• [Work item]:
Search the entries below for the word "this" and copy each line that has it.

• [Task data]:
━━━━━━━━━━

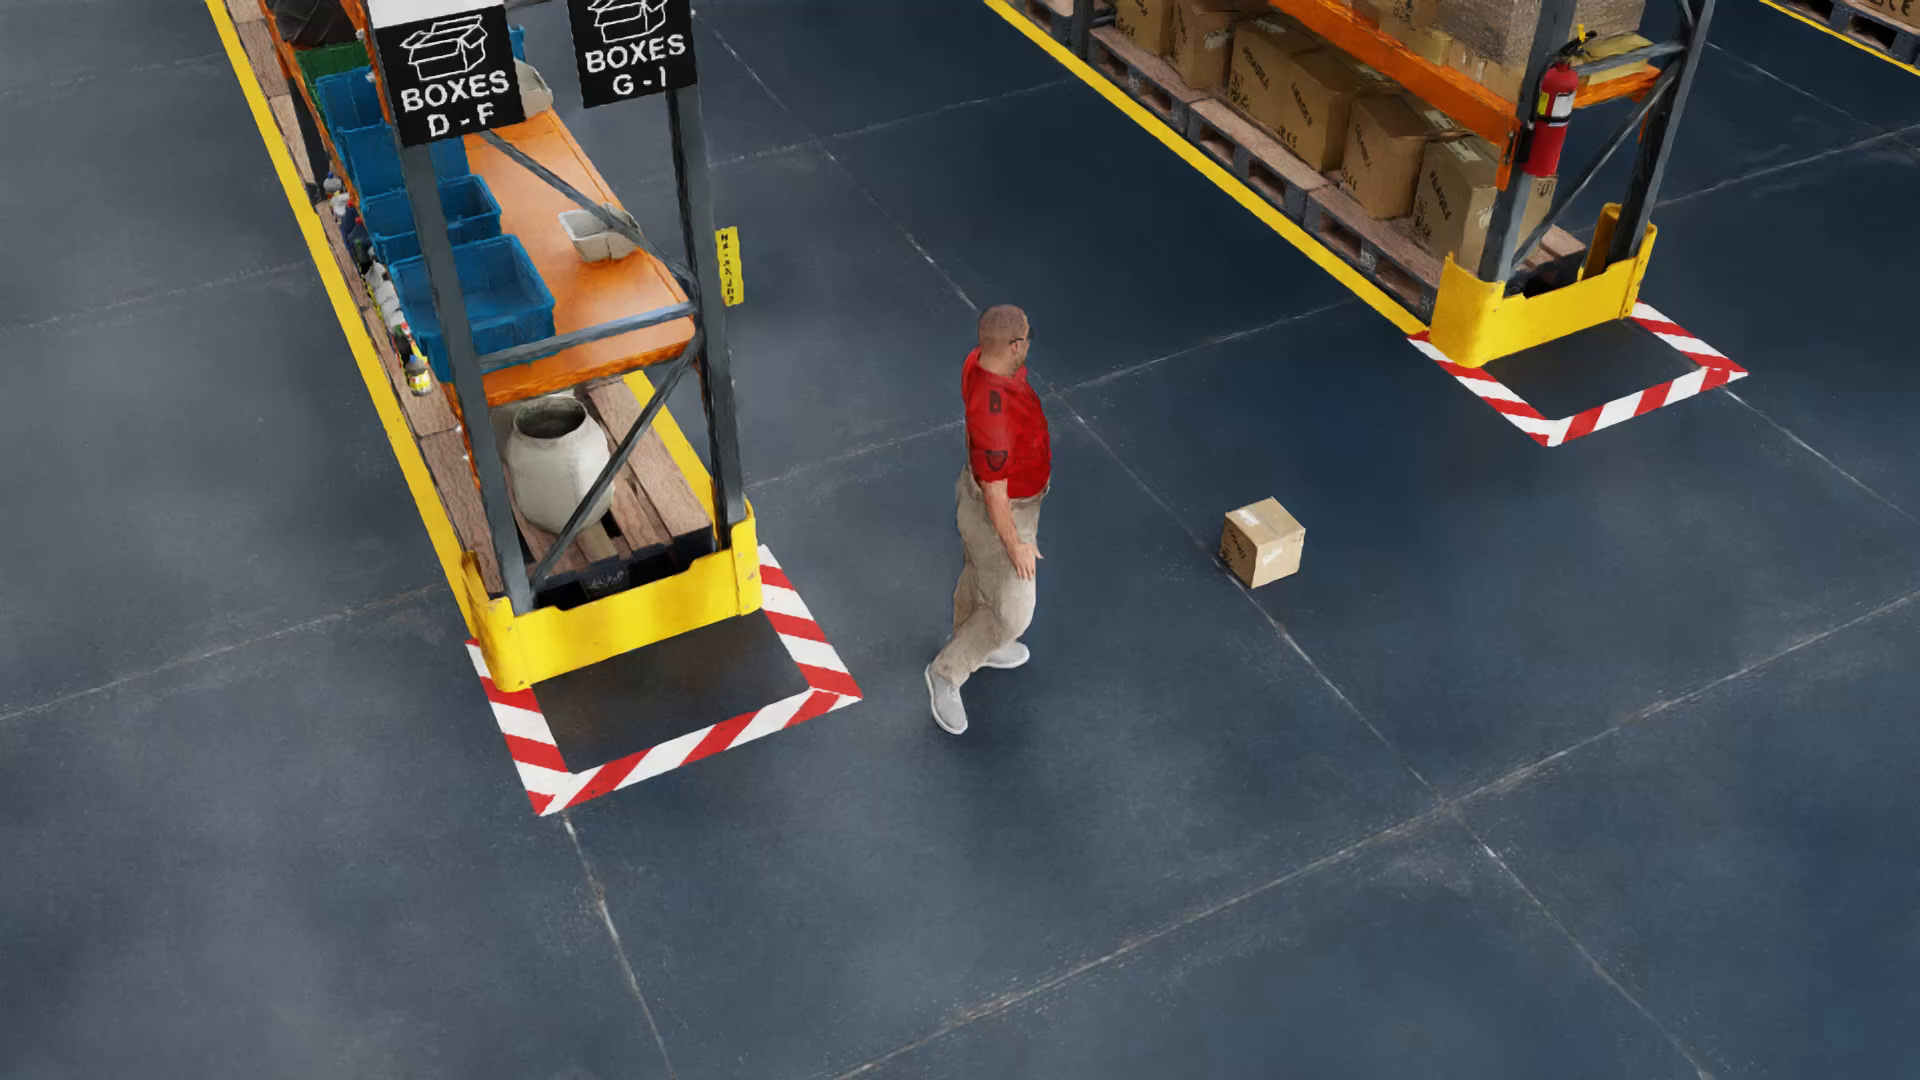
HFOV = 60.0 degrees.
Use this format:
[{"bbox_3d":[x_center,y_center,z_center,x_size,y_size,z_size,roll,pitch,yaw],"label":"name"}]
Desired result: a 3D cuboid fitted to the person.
[{"bbox_3d":[0.101,-0.087,6.246,0.487,1.718,0.719,0,41,0],"label":"person"}]
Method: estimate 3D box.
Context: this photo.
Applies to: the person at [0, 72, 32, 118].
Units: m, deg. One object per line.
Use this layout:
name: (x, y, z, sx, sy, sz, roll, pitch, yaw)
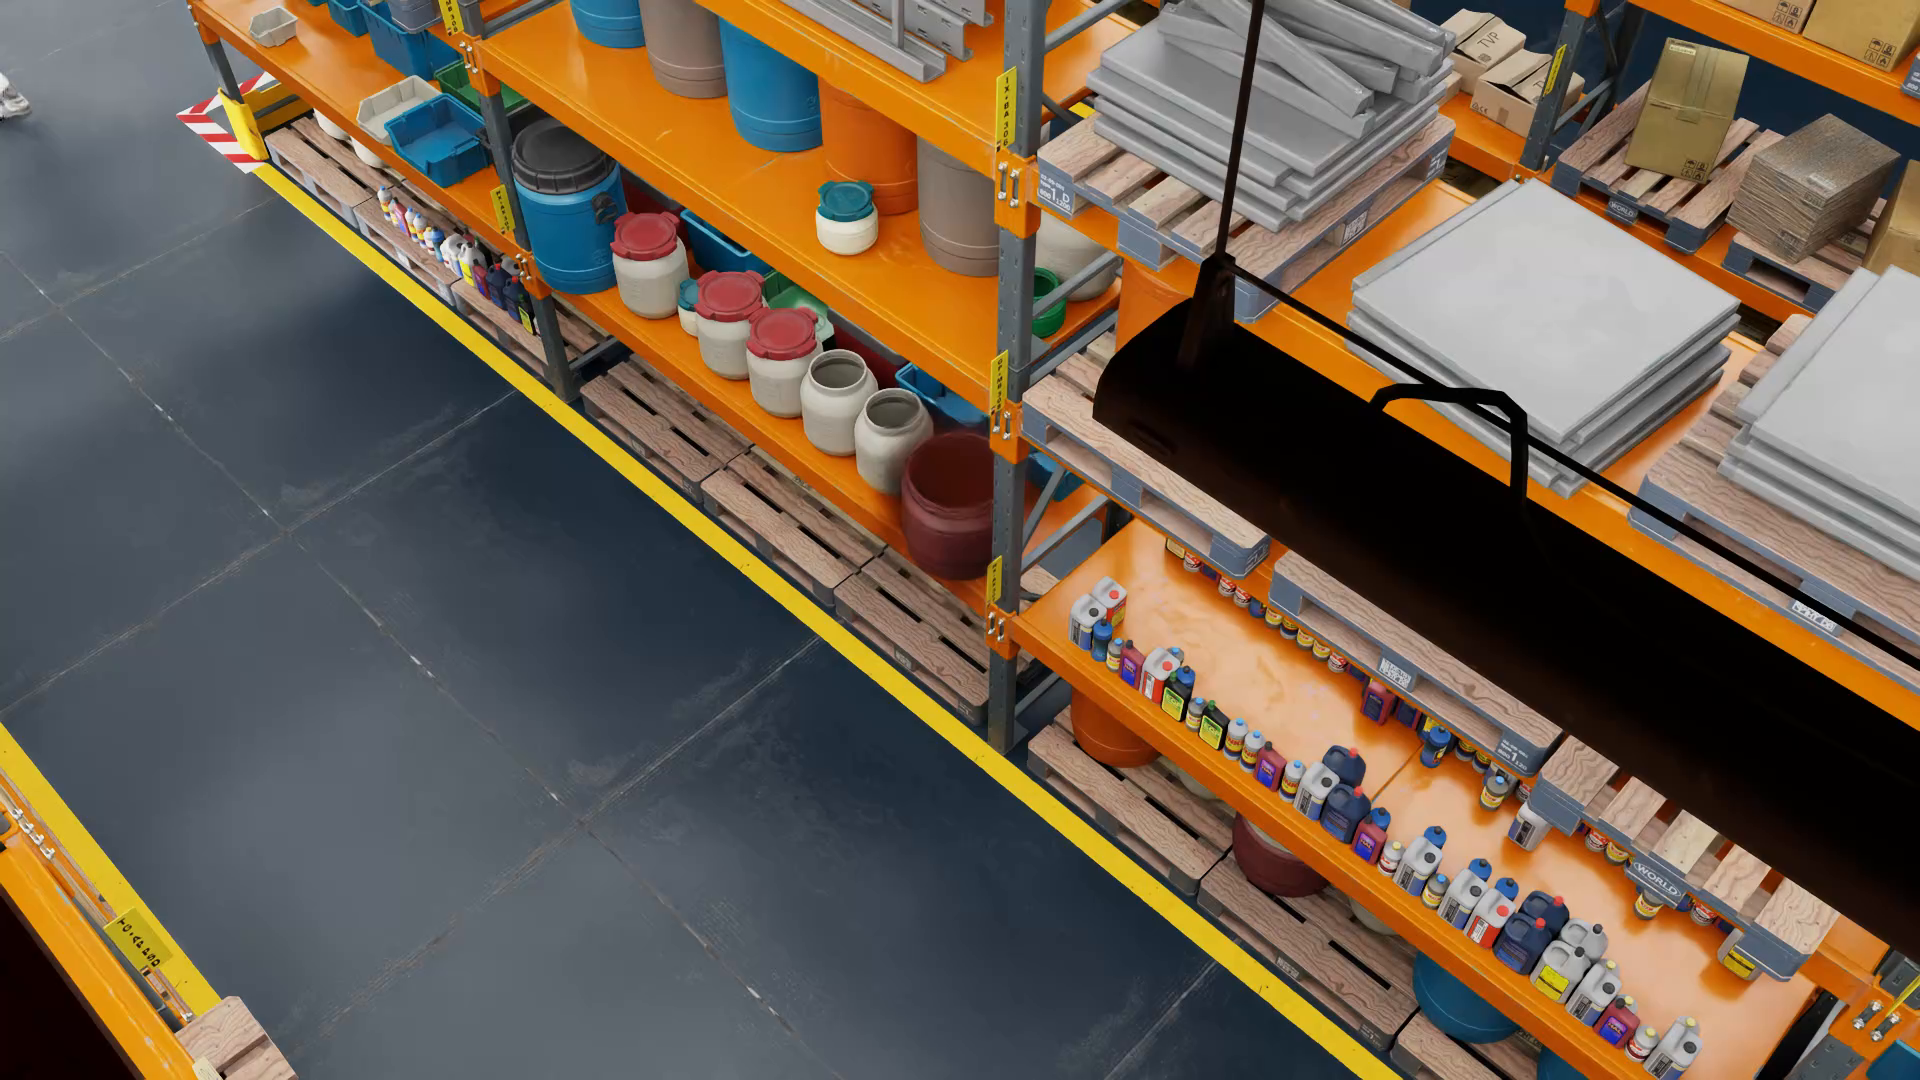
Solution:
person: (-7.798, -3.945, 12.536, 0.894, 1.756, 0.563, -5, 50, -4)

━━━━━━━━━━

• [Output below]:
Use this format:
Context: this photo.
Use this layout:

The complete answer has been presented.